* TASK DETAILS: Once you find the line with "Please let me" in the data that follows, repeat it and every line after it exactly, through the line with "Task = detection".

*** Block opens ***

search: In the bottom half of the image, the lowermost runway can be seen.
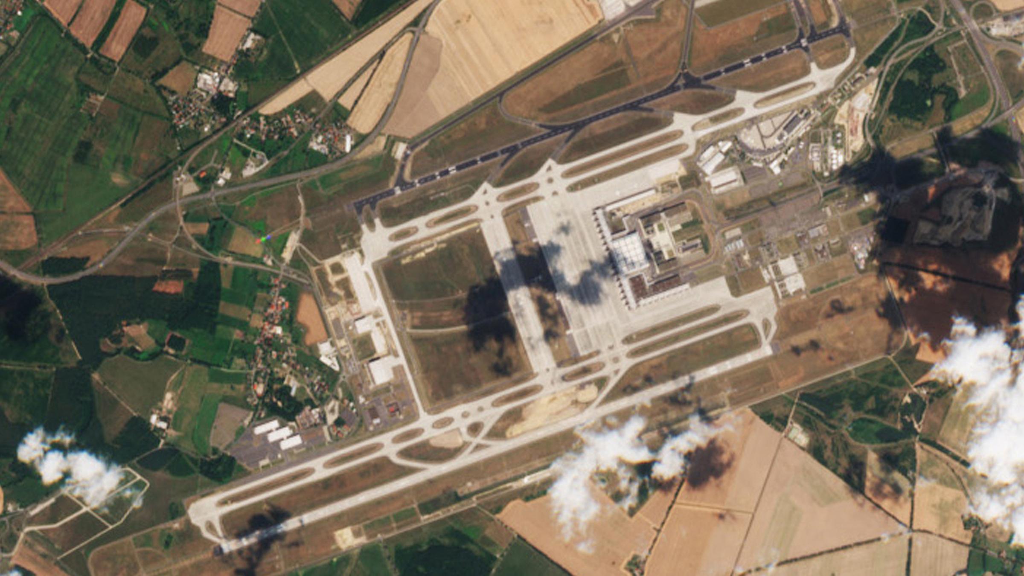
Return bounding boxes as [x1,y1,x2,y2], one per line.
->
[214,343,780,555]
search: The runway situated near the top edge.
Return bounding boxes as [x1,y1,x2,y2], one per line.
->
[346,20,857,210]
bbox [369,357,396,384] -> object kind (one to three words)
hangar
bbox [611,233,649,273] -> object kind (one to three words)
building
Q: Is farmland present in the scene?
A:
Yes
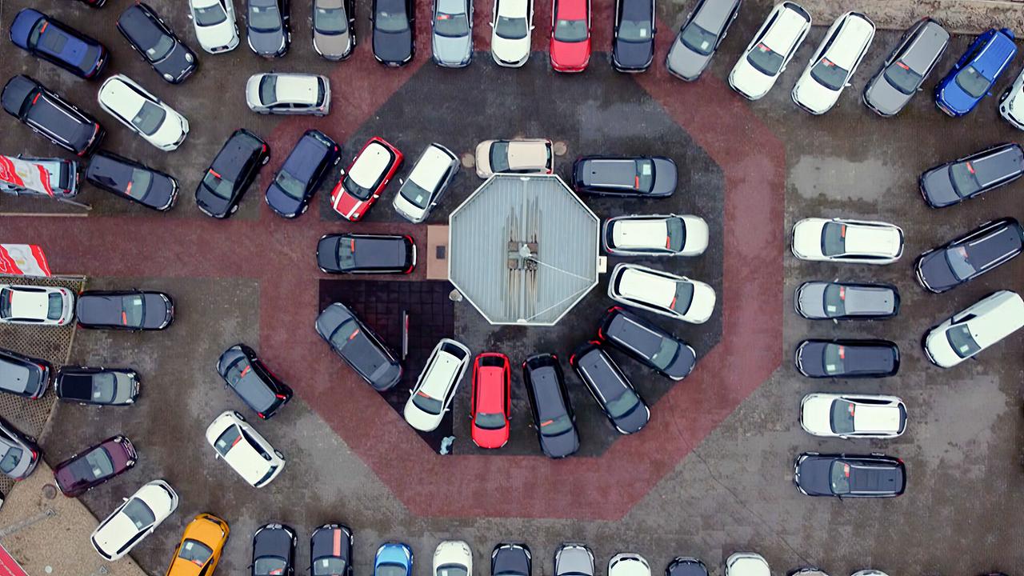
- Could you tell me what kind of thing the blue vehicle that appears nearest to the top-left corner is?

*** Block closes ***
*** Block opens ***

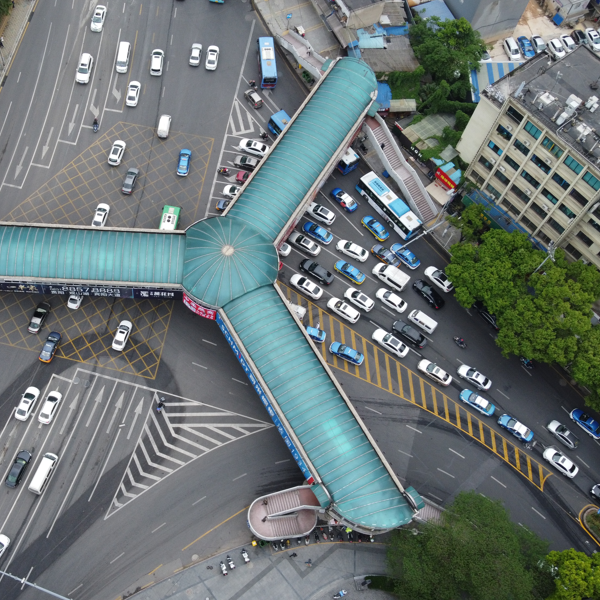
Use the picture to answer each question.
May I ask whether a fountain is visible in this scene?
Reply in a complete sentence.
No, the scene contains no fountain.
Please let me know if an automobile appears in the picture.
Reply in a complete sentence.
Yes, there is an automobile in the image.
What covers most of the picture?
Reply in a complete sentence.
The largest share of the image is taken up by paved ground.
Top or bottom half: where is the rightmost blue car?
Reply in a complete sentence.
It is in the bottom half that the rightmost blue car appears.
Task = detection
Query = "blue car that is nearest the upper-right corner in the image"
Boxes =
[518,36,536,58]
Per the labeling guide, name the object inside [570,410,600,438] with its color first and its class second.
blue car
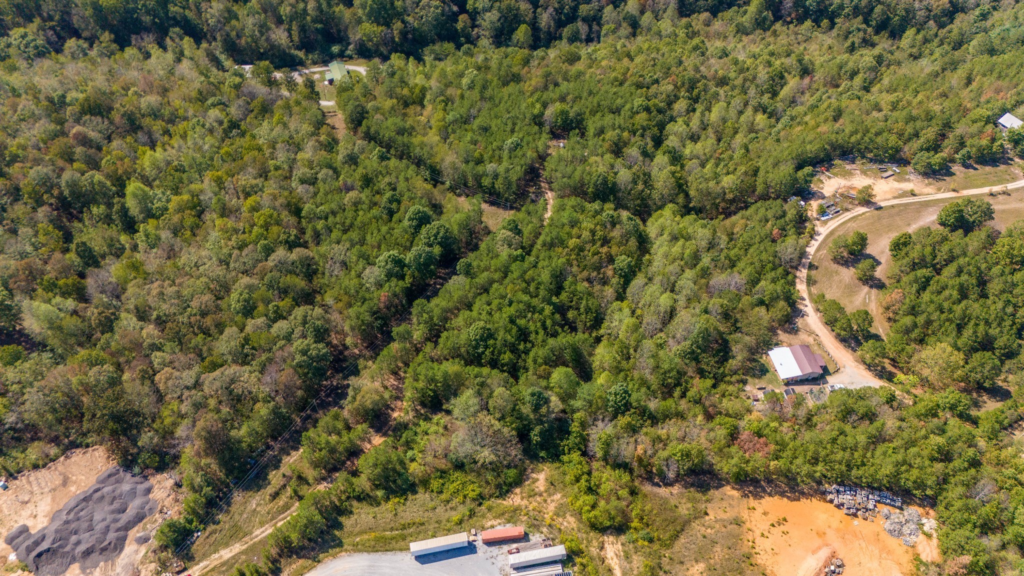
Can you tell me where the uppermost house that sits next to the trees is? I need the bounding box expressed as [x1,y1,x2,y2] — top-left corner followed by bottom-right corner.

*** Block closes ***

* EXERCISE RESPONSE:
Please let me know if an automobile appears in the picture.
Reply in a complete sentence.
Yes, there is an automobile in the image.
What covers most of the picture?
Reply in a complete sentence.
The largest share of the image is taken up by paved ground.
Top or bottom half: where is the rightmost blue car?
Reply in a complete sentence.
It is in the bottom half that the rightmost blue car appears.
Task = detection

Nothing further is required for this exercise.